## Input
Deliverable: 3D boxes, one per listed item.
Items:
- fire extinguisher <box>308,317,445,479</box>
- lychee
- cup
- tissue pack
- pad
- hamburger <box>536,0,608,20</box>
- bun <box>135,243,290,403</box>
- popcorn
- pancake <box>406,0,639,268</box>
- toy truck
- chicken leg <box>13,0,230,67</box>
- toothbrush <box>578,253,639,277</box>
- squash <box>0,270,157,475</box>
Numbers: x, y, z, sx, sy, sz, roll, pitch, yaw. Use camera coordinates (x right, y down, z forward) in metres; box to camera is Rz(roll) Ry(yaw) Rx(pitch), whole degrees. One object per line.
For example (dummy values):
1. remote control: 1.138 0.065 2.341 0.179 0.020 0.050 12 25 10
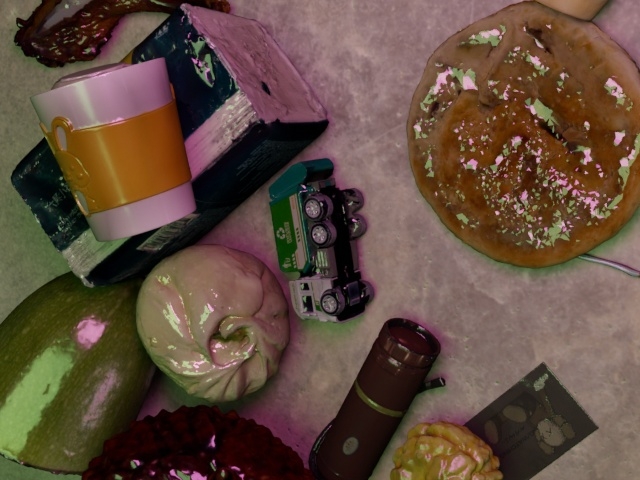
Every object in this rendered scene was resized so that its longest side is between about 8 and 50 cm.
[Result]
1. fire extinguisher: 0.086 0.287 1.652 0.141 0.105 0.341 23 115 -4
2. lychee: -0.184 0.456 1.615 0.424 0.424 0.500 46 144 10
3. cup: -0.284 -0.124 1.434 0.241 0.185 0.226 -3 108 55
4. tissue pack: -0.227 -0.144 1.626 0.416 0.264 0.253 -38 82 23
5. pad: 0.312 0.291 1.608 0.190 0.004 0.127 -44 80 23
6. hamburger: 0.332 -0.361 1.432 0.141 0.126 0.081 28 117 11
7. bun: -0.152 0.130 1.649 0.160 0.259 0.259 8 103 57
8. popcorn: 0.183 0.363 1.594 0.173 0.142 0.173 0 88 14
9. pancake: 0.293 -0.148 1.503 0.387 0.082 0.387 4 99 28
10. toy truck: 0.000 0.000 1.640 0.124 0.114 0.253 -3 97 37
11. chicken leg: -0.343 -0.383 1.735 0.407 0.096 0.158 -5 100 21
12. toothbrush: 0.434 0.042 1.513 0.193 0.013 0.019 21 114 18
13. squash: -0.408 0.178 1.737 0.310 0.310 0.309 34 108 15
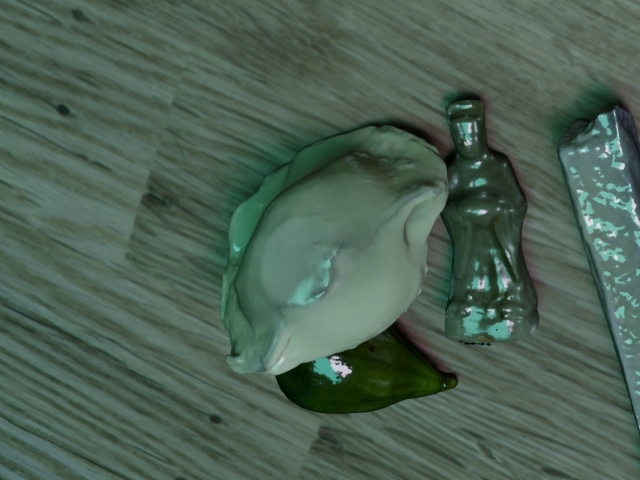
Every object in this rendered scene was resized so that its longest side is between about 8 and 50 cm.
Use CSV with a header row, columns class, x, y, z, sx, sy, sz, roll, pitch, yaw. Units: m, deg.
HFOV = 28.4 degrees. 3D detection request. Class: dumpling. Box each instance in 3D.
class,x,y,z,sx,sy,sz,roll,pitch,yaw
dumpling,0.000,0.000,1.105,0.258,0.193,0.147,-43,135,9

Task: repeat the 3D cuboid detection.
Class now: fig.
class,x,y,z,sx,sy,sz,roll,pitch,yaw
fig,0.045,0.119,1.183,0.177,0.117,0.117,19,120,-2

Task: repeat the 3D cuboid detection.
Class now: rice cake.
class,x,y,z,sx,sy,sz,roll,pitch,yaw
rice cake,0.276,0.067,1.088,0.064,0.070,0.399,-10,111,24

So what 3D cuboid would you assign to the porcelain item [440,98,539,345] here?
class,x,y,z,sx,sy,sz,roll,pitch,yaw
porcelain item,0.143,-0.018,1.102,0.081,0.069,0.216,1,110,24
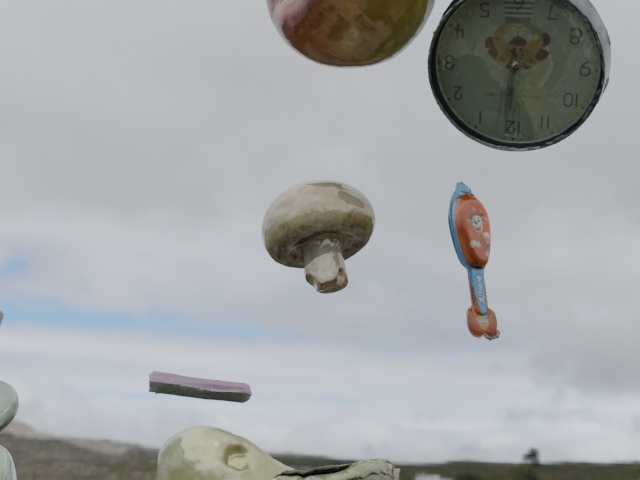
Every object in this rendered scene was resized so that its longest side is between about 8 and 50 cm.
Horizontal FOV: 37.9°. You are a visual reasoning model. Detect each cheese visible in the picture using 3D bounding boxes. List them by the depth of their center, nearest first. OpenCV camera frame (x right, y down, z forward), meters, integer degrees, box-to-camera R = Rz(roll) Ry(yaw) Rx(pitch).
[{"bbox_3d":[-0.088,0.353,1.195,0.174,0.251,0.248,-36,-25,32],"label":"cheese"},{"bbox_3d":[0.244,0.031,1.471,0.037,0.256,0.106,-17,-15,42],"label":"cheese"}]

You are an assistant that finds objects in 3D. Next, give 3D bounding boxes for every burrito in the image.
[{"bbox_3d":[0.002,0.231,0.845,0.188,0.058,0.045,1,22,-32],"label":"burrito"}]

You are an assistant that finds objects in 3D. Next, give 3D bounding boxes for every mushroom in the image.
[{"bbox_3d":[0.000,0.000,1.614,0.204,0.204,0.204,2,-15,1],"label":"mushroom"}]

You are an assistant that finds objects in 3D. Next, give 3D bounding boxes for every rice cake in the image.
[{"bbox_3d":[-0.238,0.291,1.843,0.207,0.047,0.036,8,-56,-4],"label":"rice cake"}]

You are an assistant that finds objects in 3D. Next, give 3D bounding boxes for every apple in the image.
[{"bbox_3d":[0.067,-0.519,1.902,0.305,0.338,0.338,5,-14,-36],"label":"apple"}]

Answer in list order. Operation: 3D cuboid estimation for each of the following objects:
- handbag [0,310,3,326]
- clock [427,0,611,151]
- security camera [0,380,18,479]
[{"bbox_3d":[-0.607,0.188,1.388,0.178,0.275,0.302,24,-13,-2],"label":"handbag"},{"bbox_3d":[0.332,-0.299,1.587,0.313,0.312,0.061,-5,26,25],"label":"clock"},{"bbox_3d":[-0.421,0.251,1.059,0.157,0.080,0.301,-10,23,-15],"label":"security camera"}]
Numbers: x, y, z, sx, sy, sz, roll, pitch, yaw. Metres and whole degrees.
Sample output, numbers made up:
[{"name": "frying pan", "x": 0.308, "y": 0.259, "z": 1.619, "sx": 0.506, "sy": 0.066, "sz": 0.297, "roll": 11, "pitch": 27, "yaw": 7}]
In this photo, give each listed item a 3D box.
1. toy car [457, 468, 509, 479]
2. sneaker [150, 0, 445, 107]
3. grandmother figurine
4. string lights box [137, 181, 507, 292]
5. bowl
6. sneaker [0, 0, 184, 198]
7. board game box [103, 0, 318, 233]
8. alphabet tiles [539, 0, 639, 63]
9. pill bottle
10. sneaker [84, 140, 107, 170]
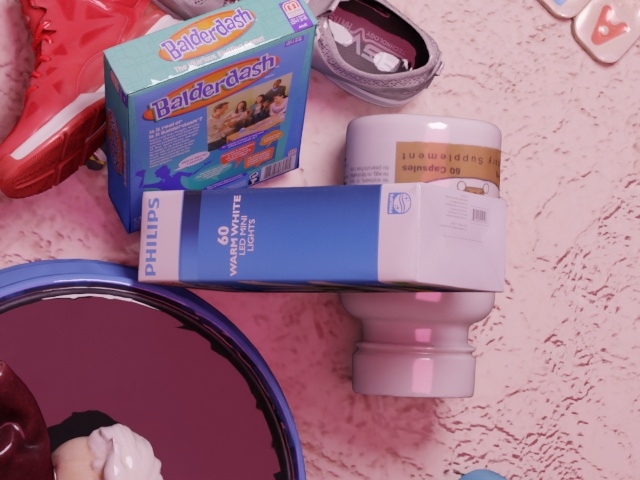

## Task details
Everything from the line with "Numbers: x, y, z, sx, sy, sz, roll, pitch, yaw. Metres" through the last line above should be reproduced exactly, both ends included; pictures must be omitted.

## Solution
Numbers: x, y, z, sx, sy, sz, roll, pitch, yaw. Metres and whole degrees.
Sample output, numbers made up:
[{"name": "frying pan", "x": 0.308, "y": 0.259, "z": 1.619, "sx": 0.506, "sy": 0.066, "sz": 0.297, "roll": 11, "pitch": 27, "yaw": 7}]
In this photo, give each listed item a 3D box.
1. toy car [457, 468, 509, 479]
2. sneaker [150, 0, 445, 107]
3. grandmother figurine
4. string lights box [137, 181, 507, 292]
5. bowl
6. sneaker [0, 0, 184, 198]
7. board game box [103, 0, 318, 233]
8. alphabet tiles [539, 0, 639, 63]
9. pill bottle
10. sneaker [84, 140, 107, 170]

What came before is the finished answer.